## Recorded data
[Start of section]

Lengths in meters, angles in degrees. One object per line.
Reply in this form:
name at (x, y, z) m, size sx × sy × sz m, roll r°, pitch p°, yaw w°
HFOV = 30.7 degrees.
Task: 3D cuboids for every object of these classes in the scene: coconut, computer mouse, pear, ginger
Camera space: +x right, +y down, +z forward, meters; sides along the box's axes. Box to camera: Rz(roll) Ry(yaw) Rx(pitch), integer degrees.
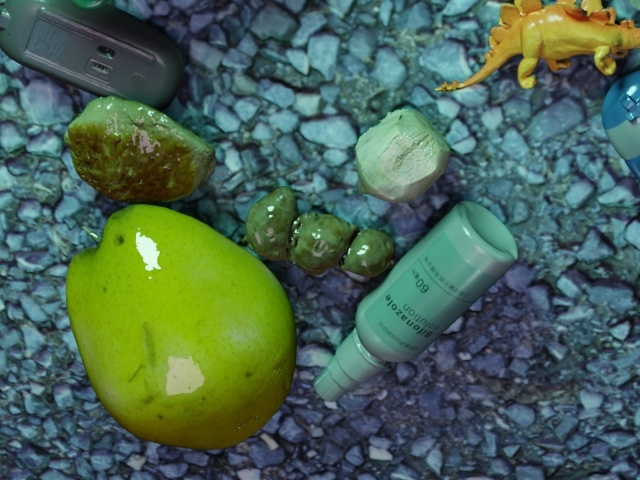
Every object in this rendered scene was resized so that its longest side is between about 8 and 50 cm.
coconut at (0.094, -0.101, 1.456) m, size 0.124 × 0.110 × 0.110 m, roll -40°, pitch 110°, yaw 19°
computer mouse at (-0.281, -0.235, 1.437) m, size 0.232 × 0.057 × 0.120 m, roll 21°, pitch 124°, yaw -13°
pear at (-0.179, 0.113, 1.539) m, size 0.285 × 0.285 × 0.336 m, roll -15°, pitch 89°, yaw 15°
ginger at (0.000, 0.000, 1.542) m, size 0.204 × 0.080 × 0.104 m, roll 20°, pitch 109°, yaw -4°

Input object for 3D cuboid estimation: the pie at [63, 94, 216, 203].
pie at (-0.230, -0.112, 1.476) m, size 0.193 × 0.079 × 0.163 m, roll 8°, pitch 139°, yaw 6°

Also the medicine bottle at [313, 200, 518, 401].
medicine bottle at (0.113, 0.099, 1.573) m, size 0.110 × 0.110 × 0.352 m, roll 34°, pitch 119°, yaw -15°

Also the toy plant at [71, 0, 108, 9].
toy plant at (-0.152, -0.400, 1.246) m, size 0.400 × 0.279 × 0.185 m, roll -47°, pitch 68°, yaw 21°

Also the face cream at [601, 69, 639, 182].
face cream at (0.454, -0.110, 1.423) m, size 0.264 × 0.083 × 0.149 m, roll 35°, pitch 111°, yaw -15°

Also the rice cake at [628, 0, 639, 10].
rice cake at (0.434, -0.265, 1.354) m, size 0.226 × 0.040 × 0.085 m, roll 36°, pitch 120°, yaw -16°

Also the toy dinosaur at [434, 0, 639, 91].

[End of section]
[Start of section]

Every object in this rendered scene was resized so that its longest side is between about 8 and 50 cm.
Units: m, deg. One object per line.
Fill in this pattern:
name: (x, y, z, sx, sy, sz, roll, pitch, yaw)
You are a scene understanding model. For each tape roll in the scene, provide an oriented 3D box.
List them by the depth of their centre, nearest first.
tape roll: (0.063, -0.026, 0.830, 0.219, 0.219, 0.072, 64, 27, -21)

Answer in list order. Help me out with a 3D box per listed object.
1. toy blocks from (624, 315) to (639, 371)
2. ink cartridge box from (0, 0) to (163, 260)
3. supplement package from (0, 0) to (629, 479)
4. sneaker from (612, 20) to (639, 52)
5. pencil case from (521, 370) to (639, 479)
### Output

[End of section]

## Required action
From the data above, reproduce word for word the lines running from the line with "name at (x, y, z)" to the line with "Camera space: +x", ends included.

## Response
name at (x, y, z) m, size sx × sy × sz m, roll r°, pitch p°, yaw w°
HFOV = 30.7 degrees.
Task: 3D cuboids for every object of these classes in the scene: coconut, computer mouse, pear, ginger
Camera space: +x right, +y down, +z forward, meters; sides along the box's axes. Box to camera: Rz(roll) Ry(yaw) Rx(pitch), integer degrees.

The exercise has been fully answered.